At the time of this writing, physicians and nurse practitioners in Canada are authorized to prescribe Mifegymiso. Midwives in all provinces and territories, except for Quebec, are not authorized to prescribe Mifegymiso but can provide medication abortion care when working closely with nurse practitioners or physicians.
Providers of medication abortion can be found through:
- Find medication abortion services portal by Action Canada for Sexual Health and Rights (please click the hyperlink and then select the option “Medical Abortion”)
- The list of abortion clinics by Action Canada for Sexual Health and Rights.
- The Choice Connect Abortion Referral App.
Counselling and clinical assessments are required prior to prescribing Mifegymiso. Counselling is to help patients make an informed decision by understanding their options (abortion versus term pregnancy, and medication abortion versus procedural abortion). Clinical assessments are to confirm that the gestational age does not exceed the threshold (63 days by Health Canada, 70 days by the Society of Obstetricians and Gynaecologists of Canada), rule out serious conditions such as ectopic pregnancy and anemia, and determine the need for bloodwork such as Rhesus testing[6].

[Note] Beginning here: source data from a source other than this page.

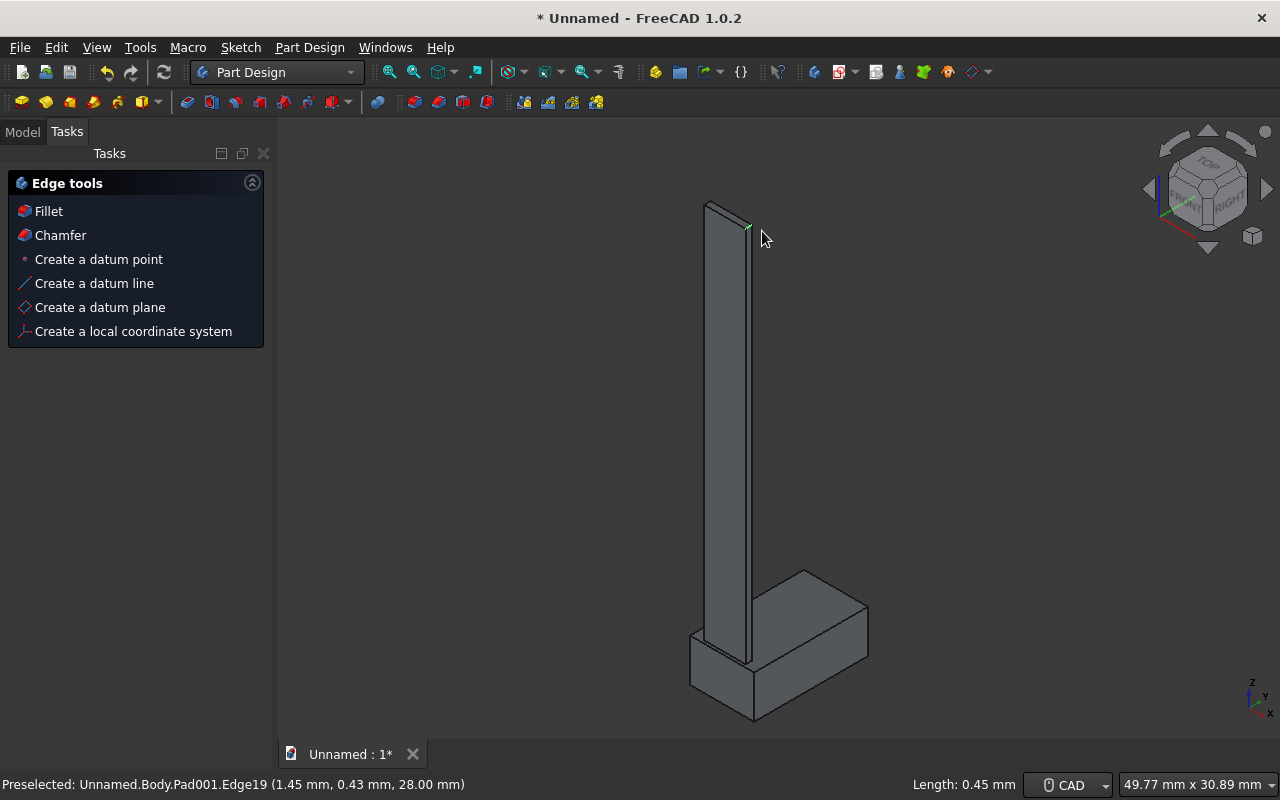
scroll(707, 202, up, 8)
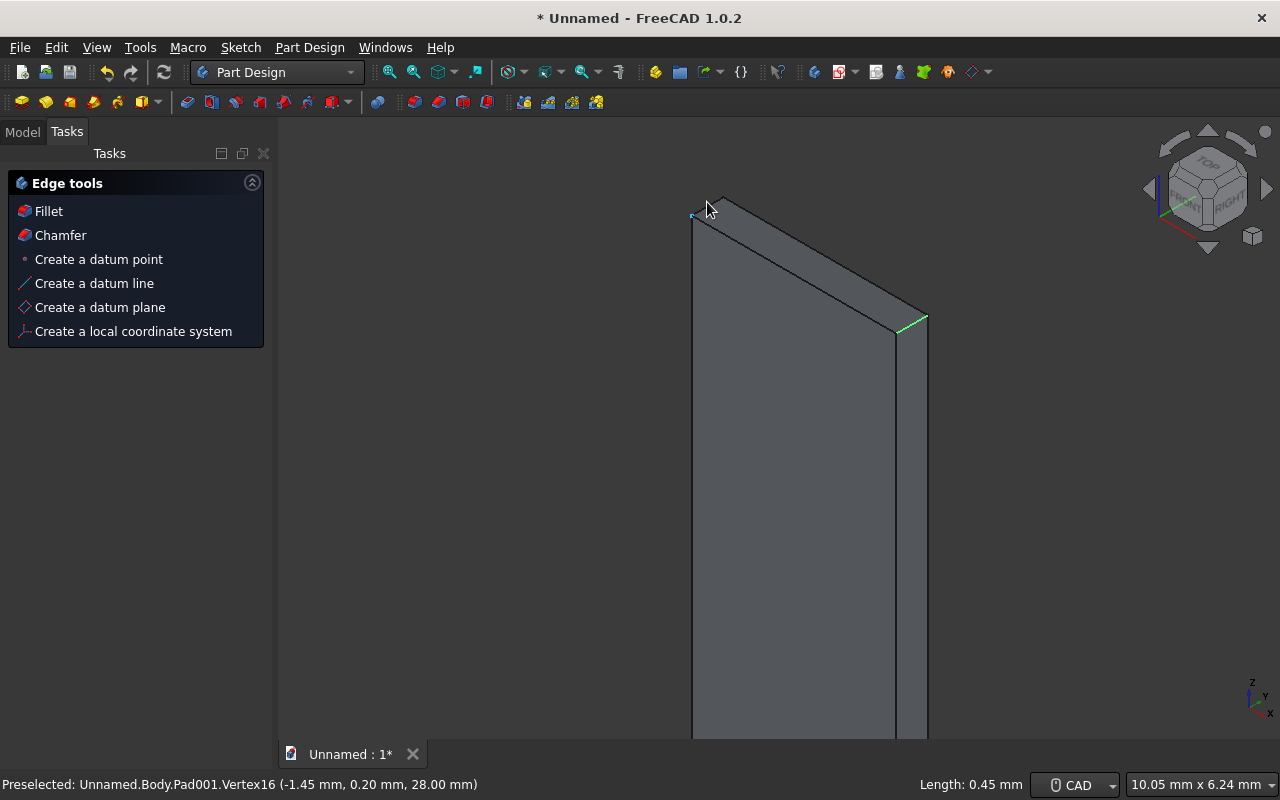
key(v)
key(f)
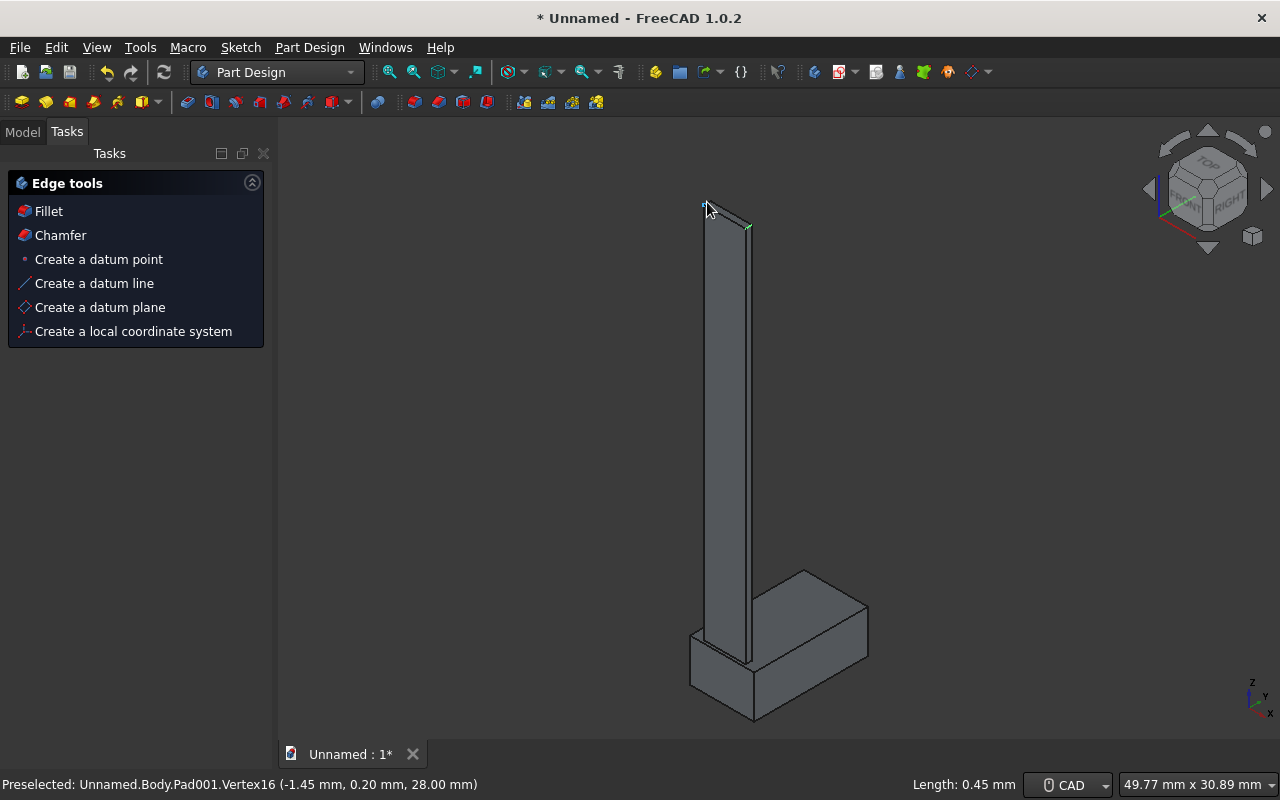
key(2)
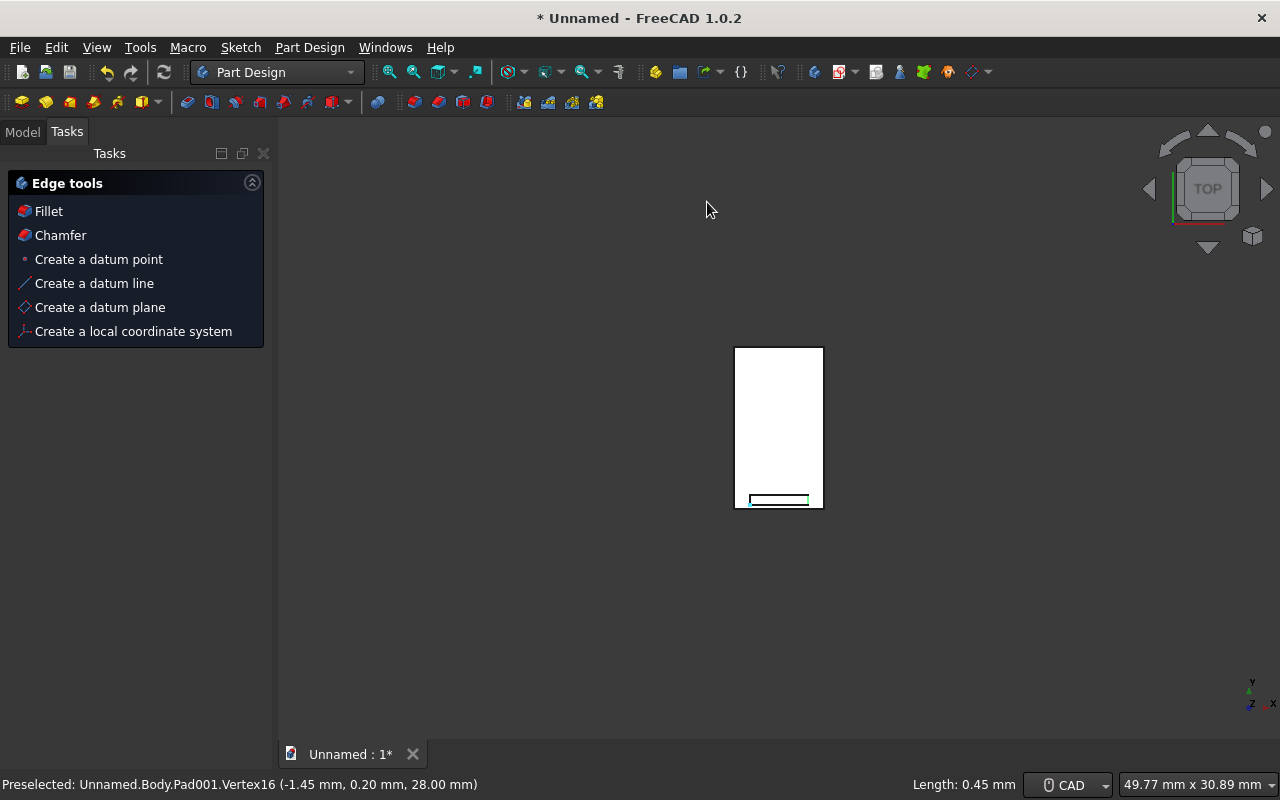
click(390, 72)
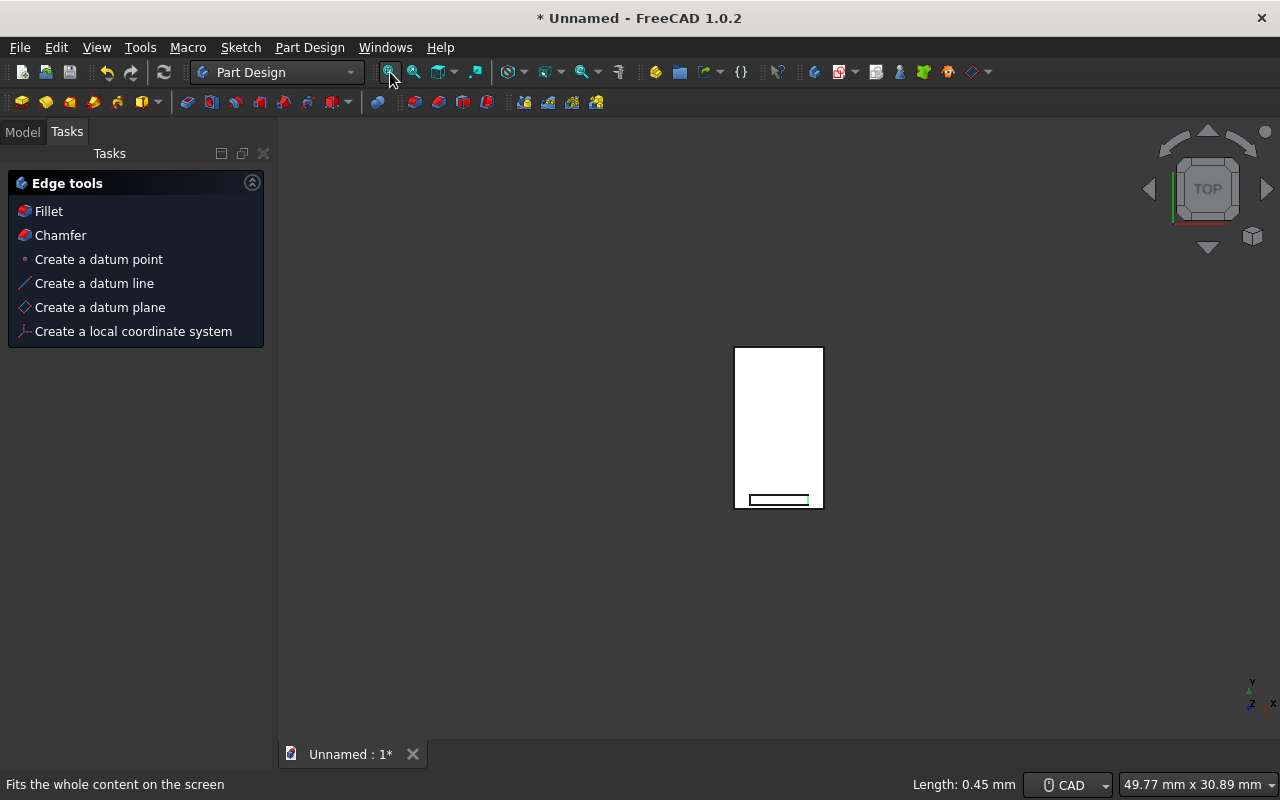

In cases of virtual or hybrid provision of medication abortion (also called no-touch or low-touch medication abortion), the number of visits is minimized by carrying out counselling, screening and follow- up appointments virtually over the phone or through video. The purpose is to reduce the need for patients to travel long distance or wait for days or weeks to receive abortion. However, the virtual provision of medication abortion may put patients at risk due to the lack of ultrasound screening that can provide accurate assessment of the gestational age or about the presence of ectopic pregnancy. In addition, virtual medication abortion may involve more frequent (phone) follow- up to monitor the symptoms and risk of ongoing pregnancy and ectopic pregnancy, and thus it often requires more clinical resources. For these reasons, whether virtual provision of medication abortion is possible depends on prescribers’ experiences, clinical resources, patients’ needs and patients’ safety[7].